In the present study, individual analysis of SNPs revealed no associations between the polymorphisms at five individual DROSHA, DGCR8, XPO5, RAN and DICER1 genes and male infertility. However, the genotype frequencies of SNP at GEMIN3 (rs197388) were found to differ significantly between the patient and control groups, indicating that the GEMIN3 AA genotype might be regarded as a factor for higher predisposition to idiopathic azoospermia.
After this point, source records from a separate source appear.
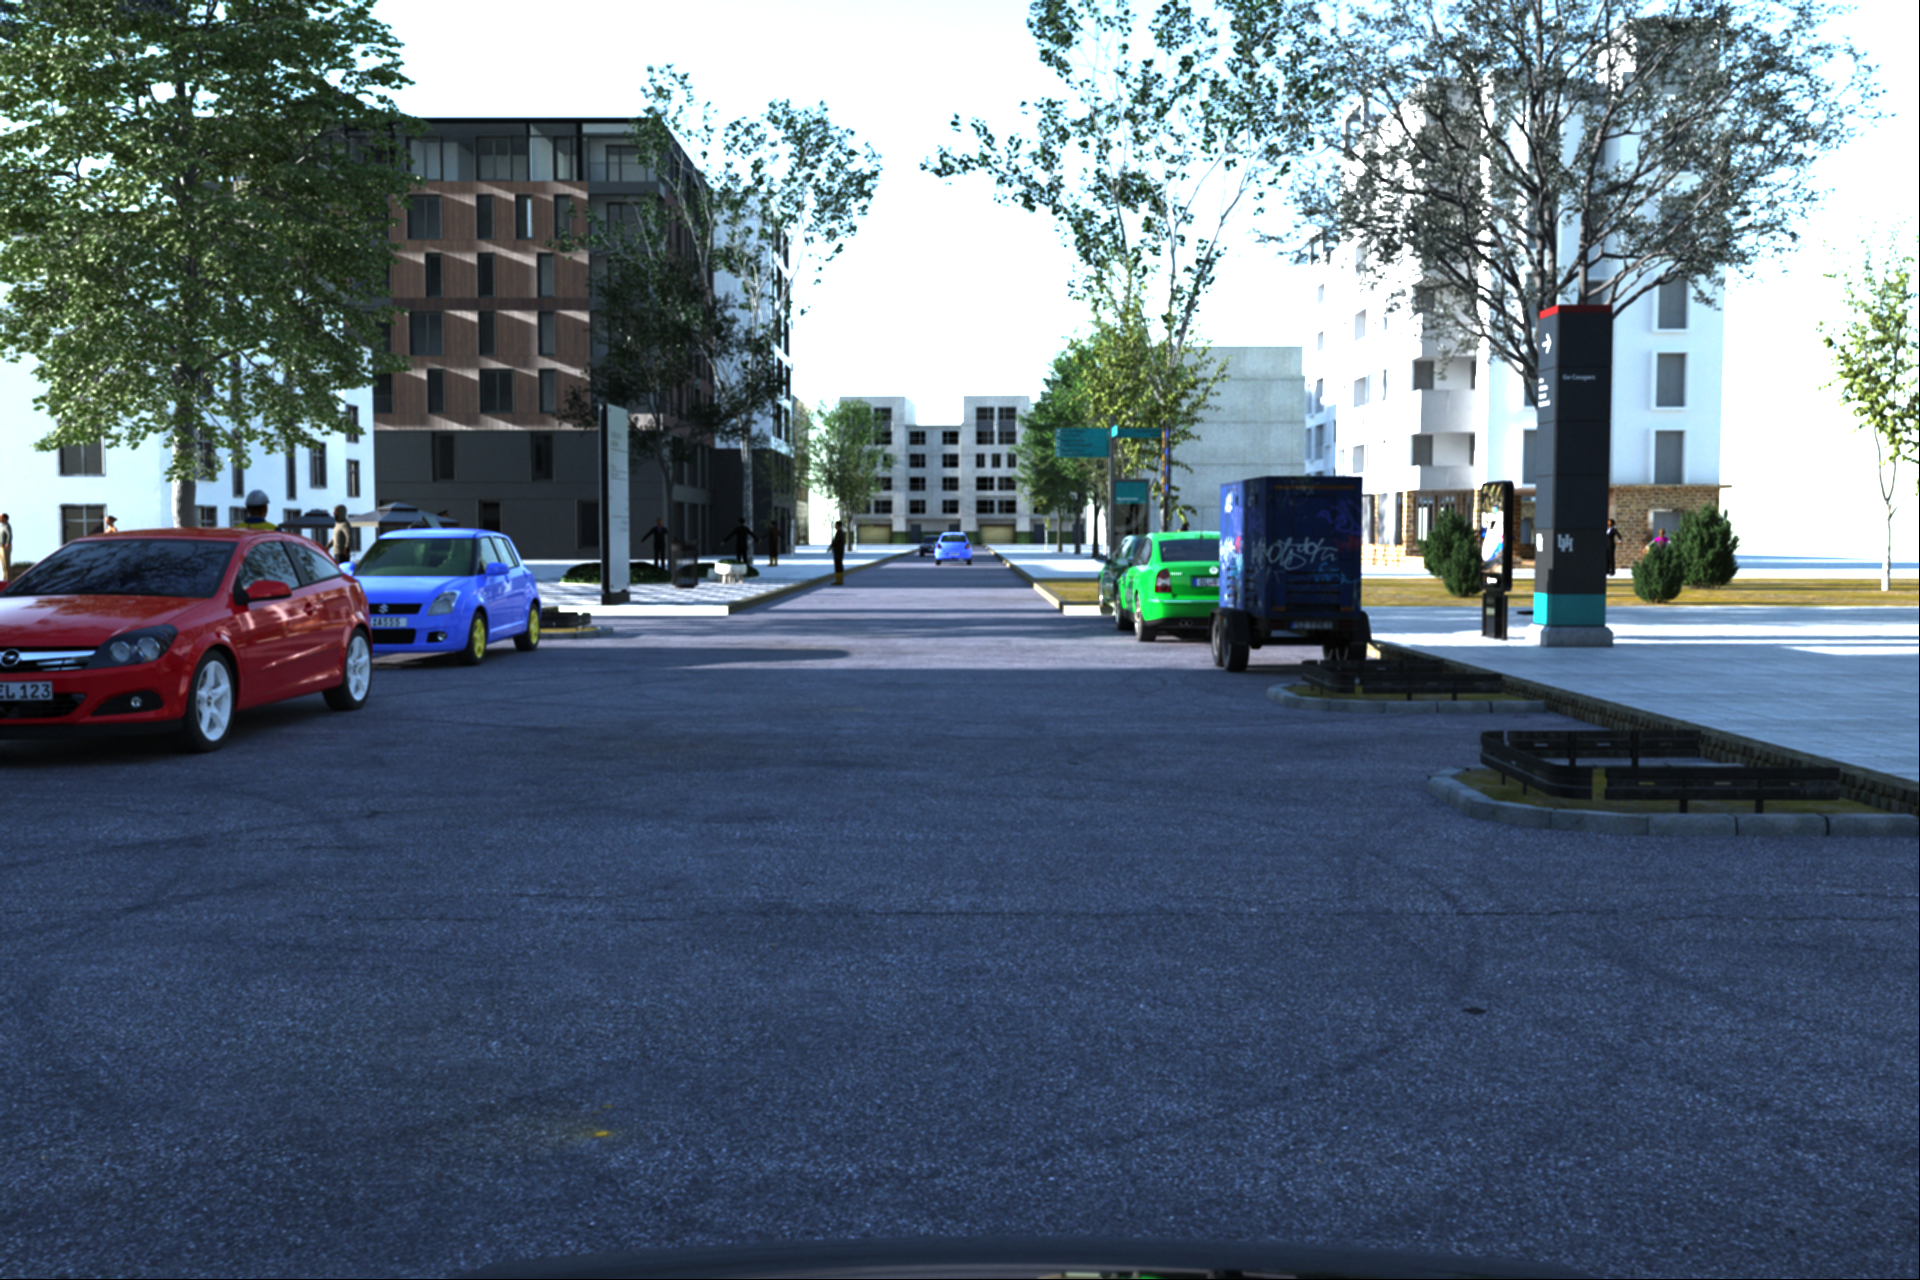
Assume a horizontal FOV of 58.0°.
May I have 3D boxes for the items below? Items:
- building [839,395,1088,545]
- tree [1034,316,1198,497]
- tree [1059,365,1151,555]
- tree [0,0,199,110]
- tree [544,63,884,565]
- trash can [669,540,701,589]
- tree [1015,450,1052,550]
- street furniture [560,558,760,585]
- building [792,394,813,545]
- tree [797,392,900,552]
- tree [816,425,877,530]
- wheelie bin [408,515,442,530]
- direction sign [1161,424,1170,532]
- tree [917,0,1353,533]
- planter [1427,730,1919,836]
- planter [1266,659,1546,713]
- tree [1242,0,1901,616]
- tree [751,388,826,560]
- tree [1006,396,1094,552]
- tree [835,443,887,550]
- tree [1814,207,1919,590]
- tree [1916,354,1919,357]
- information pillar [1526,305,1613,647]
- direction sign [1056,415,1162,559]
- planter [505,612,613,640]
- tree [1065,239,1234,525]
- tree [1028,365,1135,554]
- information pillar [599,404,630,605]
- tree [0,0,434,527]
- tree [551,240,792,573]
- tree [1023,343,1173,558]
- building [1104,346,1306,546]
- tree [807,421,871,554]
[{"bbox_3d":[0.919,-21.901,226.992,31.486,18.905,16.747,0,4,4],"label":"building"},{"bbox_3d":[7.330,-9.523,81.457,9.928,11.665,9.643,0,3,0],"label":"tree"},{"bbox_3d":[6.352,-7.624,75.015,4.360,8.622,3.978,0,3,0],"label":"tree"},{"bbox_3d":[-11.319,-6.307,13.493,12.009,13.543,11.850,0,3,0],"label":"tree"},{"bbox_3d":[-9.992,-13.178,71.348,12.611,20.169,13.585,0,3,0],"label":"tree"},{"bbox_3d":[-6.505,-1.791,40.937,0.748,1.137,0.748,0,3,0],"label":"trash can"},{"bbox_3d":[6.571,-11.328,135.571,4.737,8.622,4.395,0,3,0],"label":"tree"},{"bbox_3d":[-8.447,-2.003,48.375,5.734,0.657,10.072,0,4,-8],"label":"street furniture"},{"bbox_3d":[-27.688,-22.702,202.099,19.493,23.208,18.063,0,3,0],"label":"building"},{"bbox_3d":[-8.114,-12.263,126.251,9.928,11.665,9.643,0,3,0],"label":"tree"},{"bbox_3d":[-7.842,-10.278,118.402,4.737,8.622,4.395,0,3,0],"label":"tree"},{"bbox_3d":[-9.071,-1.324,29.558,0.693,1.594,0.980,0,4,0],"label":"wheelie bin"},{"bbox_3d":[4.272,-2.696,36.073,0.379,3.537,0.876,0,4,-2],"label":"direction sign"},{"bbox_3d":[5.429,-12.254,56.245,12.611,20.169,13.585,0,3,0],"label":"tree"},{"bbox_3d":[3.582,0.729,9.215,1.991,0.319,1.994,0,4,1],"label":"planter"},{"bbox_3d":[3.685,0.386,14.832,1.991,0.319,1.994,0,4,-1],"label":"planter"},{"bbox_3d":[9.392,-7.149,27.263,12.009,13.543,11.850,0,3,0],"label":"tree"},{"bbox_3d":[-8.353,-8.327,86.502,4.360,8.622,3.978,0,3,0],"label":"tree"},{"bbox_3d":[7.206,-12.019,122.265,9.928,11.665,9.643,0,3,0],"label":"tree"},{"bbox_3d":[-8.428,-11.422,137.118,4.360,8.622,3.978,0,3,0],"label":"tree"},{"bbox_3d":[21.185,-5.429,39.131,4.737,8.622,4.395,0,3,0],"label":"tree"},{"bbox_3d":[26.884,-5.802,45.218,4.360,8.622,3.978,0,3,0],"label":"tree"},{"bbox_3d":[7.039,-1.868,19.917,0.750,3.857,0.750,0,3,0],"label":"information pillar"},{"bbox_3d":[3.414,-3.036,38.397,2.525,3.948,1.411,0,4,0],"label":"direction sign"},{"bbox_3d":[-5.999,-0.205,24.486,1.991,0.319,1.994,0,4,0],"label":"planter"},{"bbox_3d":[4.430,-5.692,43.427,4.737,8.622,4.395,0,3,0],"label":"tree"},{"bbox_3d":[7.874,-11.740,110.079,7.486,12.596,7.792,0,3,0],"label":"tree"},{"bbox_3d":[-6.382,-2.490,32.029,0.184,3.620,1.656,0,4,1],"label":"information pillar"},{"bbox_3d":[-12.072,-6.666,27.115,7.486,12.596,7.792,0,3,0],"label":"tree"},{"bbox_3d":[-8.919,-7.335,54.332,8.767,10.594,7.601,1,4,19],"label":"tree"},{"bbox_3d":[7.368,-10.143,91.591,9.928,11.665,9.643,0,3,0],"label":"tree"},{"bbox_3d":[23.831,-18.637,171.178,16.747,18.905,31.486,0,4,1],"label":"building"},{"bbox_3d":[-8.403,-9.835,111.171,4.360,8.622,3.978,0,3,0],"label":"tree"}]

Further studies including larger cohorts and different ethnicities would help to throw light on the involvement of microRNA-related gene SNPs in the susceptibility to idiopathic azoospermia.

Disclosure statement

The authors declare that there are no conflicts of interest.

All named authors have seen and approved the submitted manuscript, affirming our contribution and responsibility for the work without any conflict of interest.

Additional information

Funding

No financial support was received for the research and/or authorship of this article.